Recorded data:

- - -

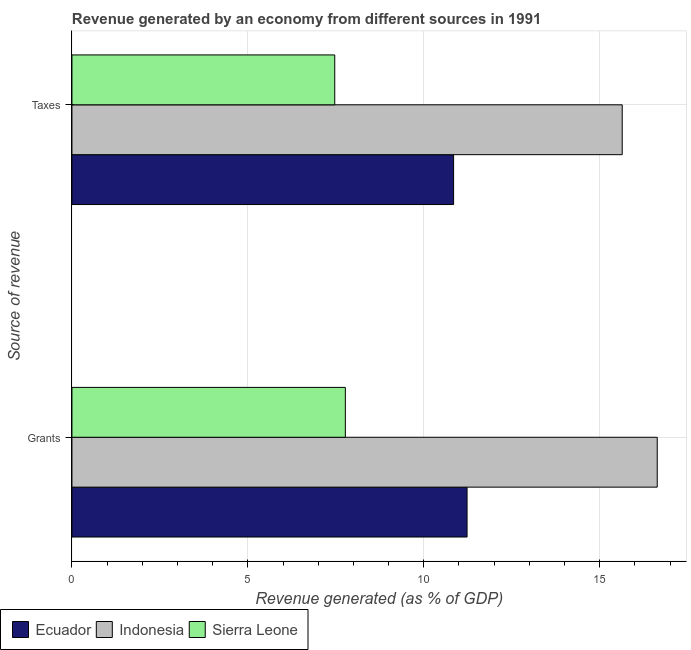Are the number of bars per tick equal to the number of legend labels?
Keep it short and to the point. Yes. How many bars are there on the 2nd tick from the top?
Your answer should be compact. 3. What is the label of the 1st group of bars from the top?
Your response must be concise. Taxes. What is the revenue generated by grants in Indonesia?
Ensure brevity in your answer.  16.64. Across all countries, what is the maximum revenue generated by taxes?
Your response must be concise. 15.64. Across all countries, what is the minimum revenue generated by grants?
Your answer should be very brief. 7.77. In which country was the revenue generated by taxes minimum?
Ensure brevity in your answer.  Sierra Leone. What is the total revenue generated by grants in the graph?
Your response must be concise. 35.64. What is the difference between the revenue generated by taxes in Sierra Leone and that in Ecuador?
Provide a succinct answer. -3.38. What is the difference between the revenue generated by taxes in Sierra Leone and the revenue generated by grants in Indonesia?
Ensure brevity in your answer.  -9.17. What is the average revenue generated by grants per country?
Your answer should be compact. 11.88. What is the difference between the revenue generated by grants and revenue generated by taxes in Ecuador?
Keep it short and to the point. 0.38. In how many countries, is the revenue generated by grants greater than 4 %?
Your answer should be very brief. 3. What is the ratio of the revenue generated by taxes in Indonesia to that in Ecuador?
Offer a terse response. 1.44. What does the 2nd bar from the top in Grants represents?
Keep it short and to the point. Indonesia. What does the 1st bar from the bottom in Taxes represents?
Ensure brevity in your answer.  Ecuador. What is the difference between two consecutive major ticks on the X-axis?
Keep it short and to the point. 5. Does the graph contain any zero values?
Keep it short and to the point. No. Does the graph contain grids?
Provide a succinct answer. Yes. Where does the legend appear in the graph?
Offer a terse response. Bottom left. How many legend labels are there?
Make the answer very short. 3. What is the title of the graph?
Make the answer very short. Revenue generated by an economy from different sources in 1991. What is the label or title of the X-axis?
Your response must be concise. Revenue generated (as % of GDP). What is the label or title of the Y-axis?
Give a very brief answer. Source of revenue. What is the Revenue generated (as % of GDP) in Ecuador in Grants?
Offer a very short reply. 11.23. What is the Revenue generated (as % of GDP) in Indonesia in Grants?
Keep it short and to the point. 16.64. What is the Revenue generated (as % of GDP) of Sierra Leone in Grants?
Keep it short and to the point. 7.77. What is the Revenue generated (as % of GDP) in Ecuador in Taxes?
Ensure brevity in your answer.  10.85. What is the Revenue generated (as % of GDP) in Indonesia in Taxes?
Your answer should be very brief. 15.64. What is the Revenue generated (as % of GDP) in Sierra Leone in Taxes?
Your answer should be very brief. 7.47. Across all Source of revenue, what is the maximum Revenue generated (as % of GDP) of Ecuador?
Provide a short and direct response. 11.23. Across all Source of revenue, what is the maximum Revenue generated (as % of GDP) in Indonesia?
Your response must be concise. 16.64. Across all Source of revenue, what is the maximum Revenue generated (as % of GDP) in Sierra Leone?
Make the answer very short. 7.77. Across all Source of revenue, what is the minimum Revenue generated (as % of GDP) of Ecuador?
Your answer should be very brief. 10.85. Across all Source of revenue, what is the minimum Revenue generated (as % of GDP) in Indonesia?
Keep it short and to the point. 15.64. Across all Source of revenue, what is the minimum Revenue generated (as % of GDP) in Sierra Leone?
Provide a short and direct response. 7.47. What is the total Revenue generated (as % of GDP) in Ecuador in the graph?
Offer a terse response. 22.08. What is the total Revenue generated (as % of GDP) of Indonesia in the graph?
Your response must be concise. 32.28. What is the total Revenue generated (as % of GDP) of Sierra Leone in the graph?
Offer a terse response. 15.24. What is the difference between the Revenue generated (as % of GDP) of Ecuador in Grants and that in Taxes?
Offer a terse response. 0.38. What is the difference between the Revenue generated (as % of GDP) of Sierra Leone in Grants and that in Taxes?
Ensure brevity in your answer.  0.3. What is the difference between the Revenue generated (as % of GDP) in Ecuador in Grants and the Revenue generated (as % of GDP) in Indonesia in Taxes?
Make the answer very short. -4.41. What is the difference between the Revenue generated (as % of GDP) in Ecuador in Grants and the Revenue generated (as % of GDP) in Sierra Leone in Taxes?
Give a very brief answer. 3.76. What is the difference between the Revenue generated (as % of GDP) of Indonesia in Grants and the Revenue generated (as % of GDP) of Sierra Leone in Taxes?
Your response must be concise. 9.17. What is the average Revenue generated (as % of GDP) in Ecuador per Source of revenue?
Provide a short and direct response. 11.04. What is the average Revenue generated (as % of GDP) in Indonesia per Source of revenue?
Your answer should be very brief. 16.14. What is the average Revenue generated (as % of GDP) in Sierra Leone per Source of revenue?
Ensure brevity in your answer.  7.62. What is the difference between the Revenue generated (as % of GDP) of Ecuador and Revenue generated (as % of GDP) of Indonesia in Grants?
Your response must be concise. -5.41. What is the difference between the Revenue generated (as % of GDP) of Ecuador and Revenue generated (as % of GDP) of Sierra Leone in Grants?
Provide a succinct answer. 3.46. What is the difference between the Revenue generated (as % of GDP) of Indonesia and Revenue generated (as % of GDP) of Sierra Leone in Grants?
Give a very brief answer. 8.86. What is the difference between the Revenue generated (as % of GDP) in Ecuador and Revenue generated (as % of GDP) in Indonesia in Taxes?
Provide a short and direct response. -4.79. What is the difference between the Revenue generated (as % of GDP) in Ecuador and Revenue generated (as % of GDP) in Sierra Leone in Taxes?
Provide a short and direct response. 3.38. What is the difference between the Revenue generated (as % of GDP) in Indonesia and Revenue generated (as % of GDP) in Sierra Leone in Taxes?
Provide a short and direct response. 8.17. What is the ratio of the Revenue generated (as % of GDP) in Ecuador in Grants to that in Taxes?
Your answer should be compact. 1.04. What is the ratio of the Revenue generated (as % of GDP) in Indonesia in Grants to that in Taxes?
Keep it short and to the point. 1.06. What is the ratio of the Revenue generated (as % of GDP) of Sierra Leone in Grants to that in Taxes?
Your response must be concise. 1.04. What is the difference between the highest and the second highest Revenue generated (as % of GDP) of Ecuador?
Offer a terse response. 0.38. What is the difference between the highest and the second highest Revenue generated (as % of GDP) in Sierra Leone?
Your response must be concise. 0.3. What is the difference between the highest and the lowest Revenue generated (as % of GDP) in Ecuador?
Ensure brevity in your answer.  0.38. What is the difference between the highest and the lowest Revenue generated (as % of GDP) in Indonesia?
Offer a very short reply. 0.99. What is the difference between the highest and the lowest Revenue generated (as % of GDP) of Sierra Leone?
Give a very brief answer. 0.3. 
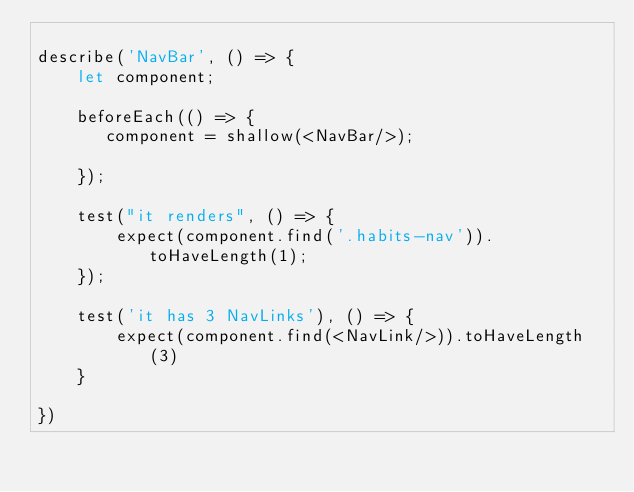<code> <loc_0><loc_0><loc_500><loc_500><_JavaScript_>
describe('NavBar', () => {
    let component;

    beforeEach(() => {
       component = shallow(<NavBar/>);

    });

    test("it renders", () => {
        expect(component.find('.habits-nav')).toHaveLength(1);
    });

    test('it has 3 NavLinks'), () => {
        expect(component.find(<NavLink/>)).toHaveLength(3)
    }

})</code> 
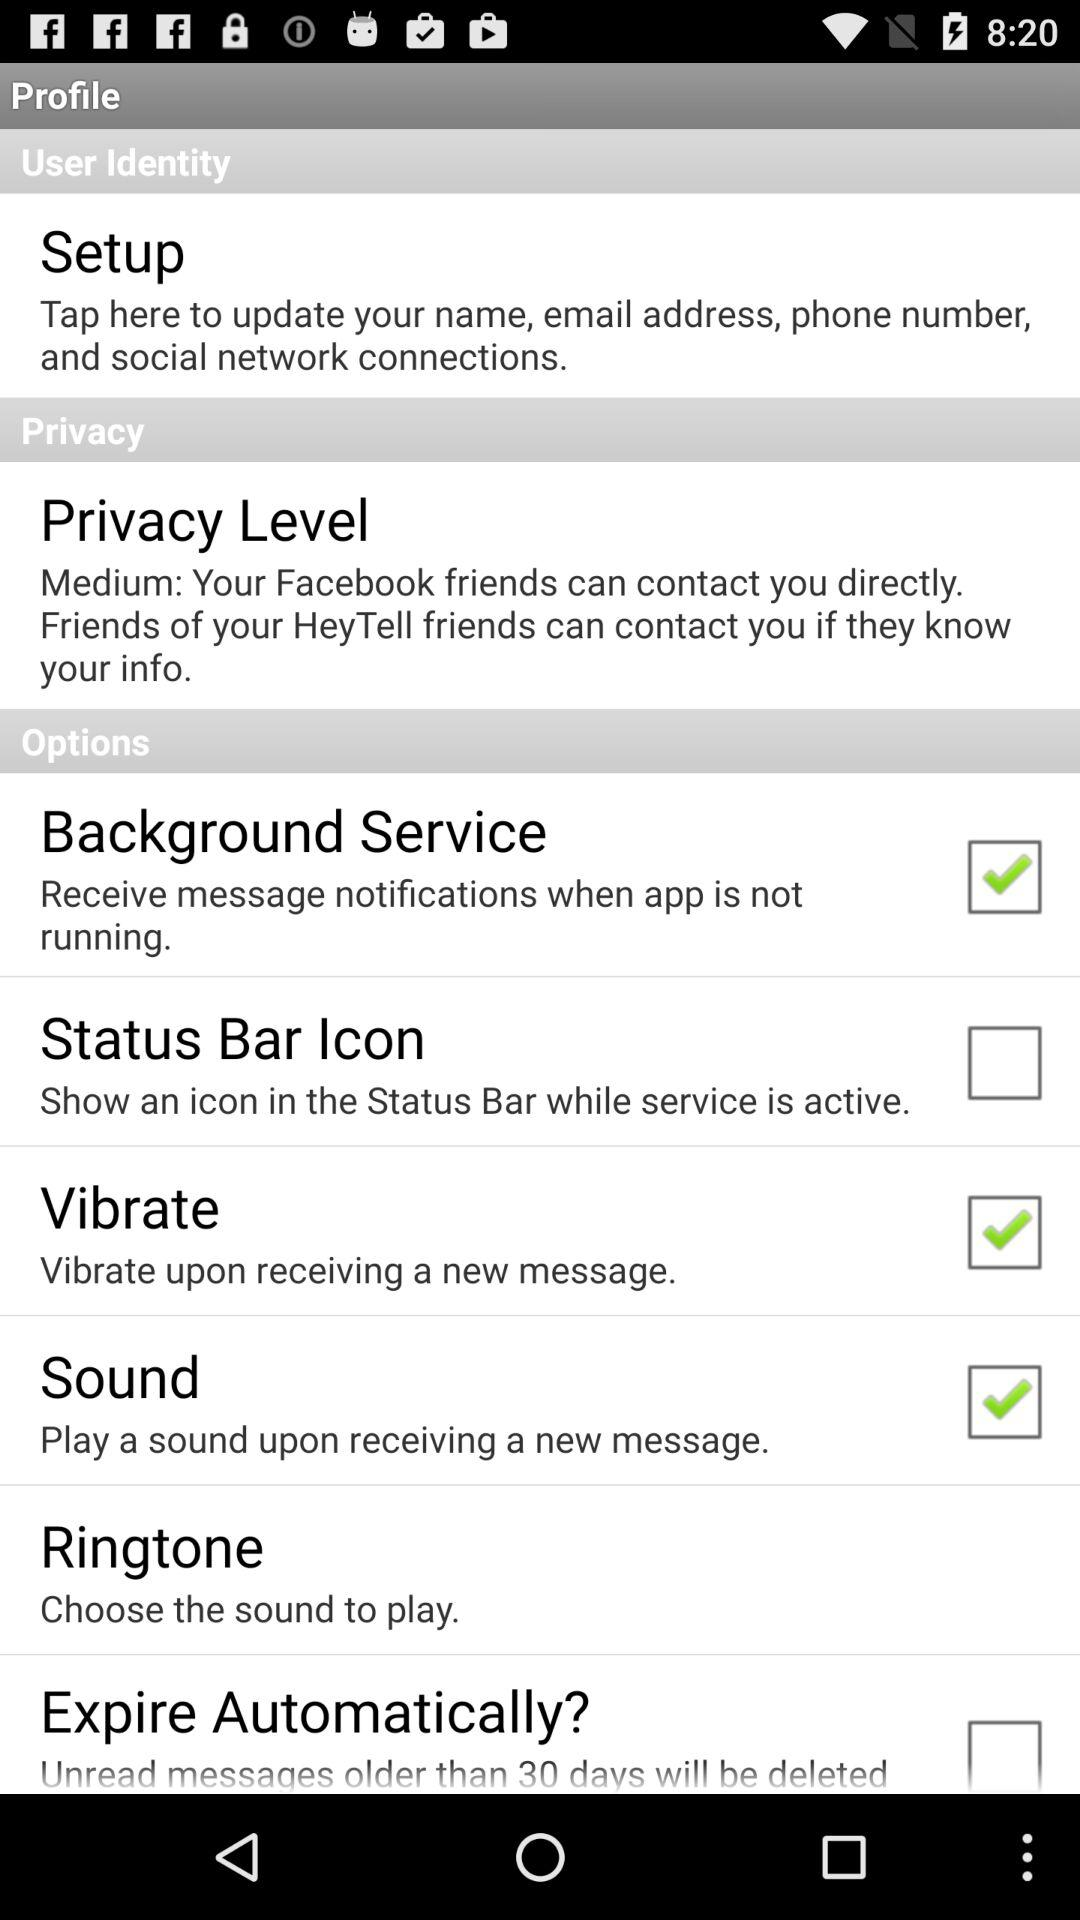What is the status of the "Expire Automatically?" setting? The status is "off".

- - -

What is needed: Report each line of the entries where the word "title" occurs.

Written answer:
Make the answer very short. 3. What is the title of the graph?
Make the answer very short. Revenue generated by an economy from different sources in 1991. What is the label or title of the X-axis?
Your response must be concise. Revenue generated (as % of GDP). What is the label or title of the Y-axis?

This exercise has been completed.